4.3 If a manufacturer supplies a number of different medical devices that share common attributes, then validation studies may be performed as a product family. If this approach is taken, the medical device manufacturer shall demonstrate commonality between the different medical devices and the validation studies shall address the worst case attribute(s) of the product family.
6.1 6.1.1 The information specified in this clause shall take into account the nature of the medical device and its intended use.
6.1.2 Where disinfection is the terminal process, the medical device manufacturer shall specify validated method(s) to reduce the risk of transmission of infectious agents to a level appropriate for the intended use of the medical device. Medical device manufacturers shall specify in their processing instructions any special techniques and accessories that will enable the processor to provide a medical device that is suitable for its intended use.
6.1.3 Where sterilization is the terminal process, the medical device manufacturer shall specify validated method(s) to achieve the required sterility assurance level. Medical device manufacturers shall specify in their processing instructions any specific requirements that will enable the processor to provide a medical device that is suitable for its intended use.
6.6.1.1 At least one validated automated cleaning method (which may include a validated manual cleaning method as part of the automated cleaning validation) shall be specified unless the medical device cannot withstand any such process, in which case a statement shall be provided which alerts the user to this issue.
6.6.1.2 A validated method of manual cleaning shall be specified if automated cleaning is not possible.
6.6.2 Automated cleaning
6.6.2.1 If the automated cleaning process recommends the use of a washer-disinfector meeting the requirements of the ISO 1 5883 series, the information regarding the automated process may be limited to those parameters that are specific for the medical device, such as specific load configuration, positioning, connection, accessories, process chemicals, pressures or temperature limit(s) and a statement confirming the recommendation to use a washer-disinfector complying with the ISO 1 5883 series.

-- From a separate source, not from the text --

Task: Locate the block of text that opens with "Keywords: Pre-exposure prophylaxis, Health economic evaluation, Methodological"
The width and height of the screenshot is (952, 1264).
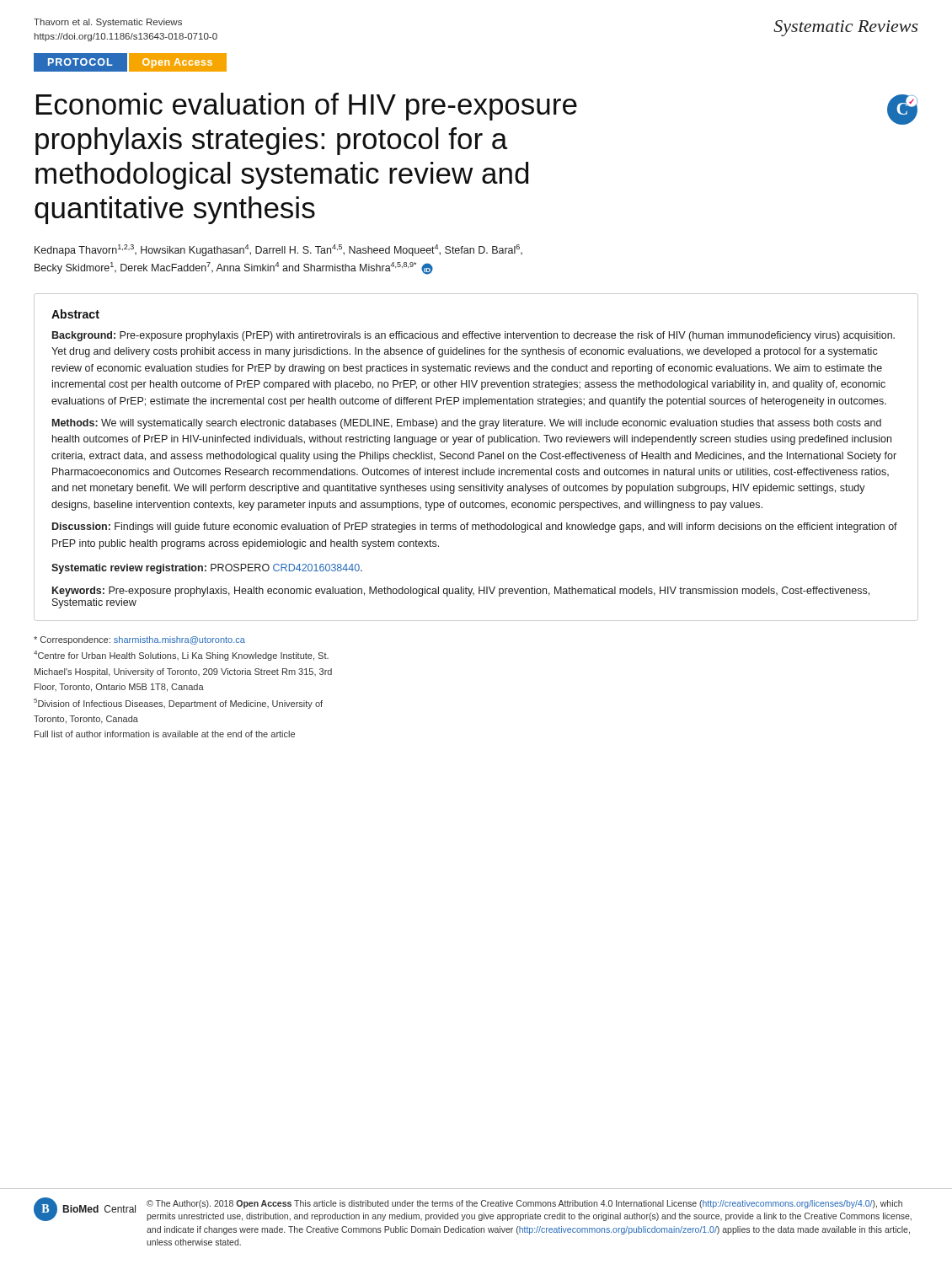Action: [461, 596]
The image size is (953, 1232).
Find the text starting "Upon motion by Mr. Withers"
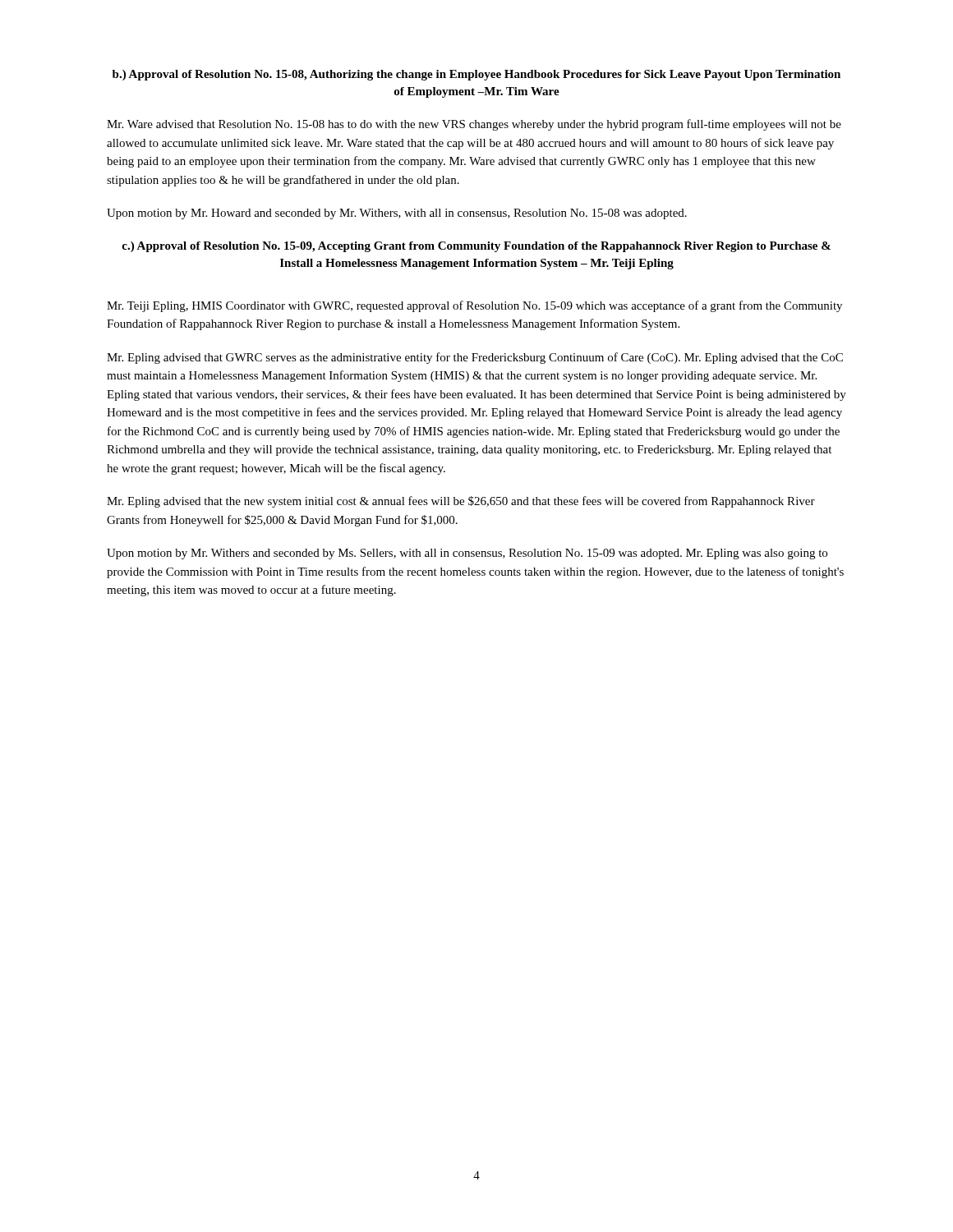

6.7.2.1 If the automated disinfection process recommends the use of a washer-disinfector meeting the requirements of the ISO 1 5883 series, the information regarding the automated process may be limited to those parameters that are specific for the medical device, such as specific load configuration, positioning, connection, accessories, chemical (in the case of chemical or chemo-thermal disinfection), pressures or temperature limit(s) and a statement confirming the recommendation to use a washer-disinfector complying with the ISO 1 5883 series.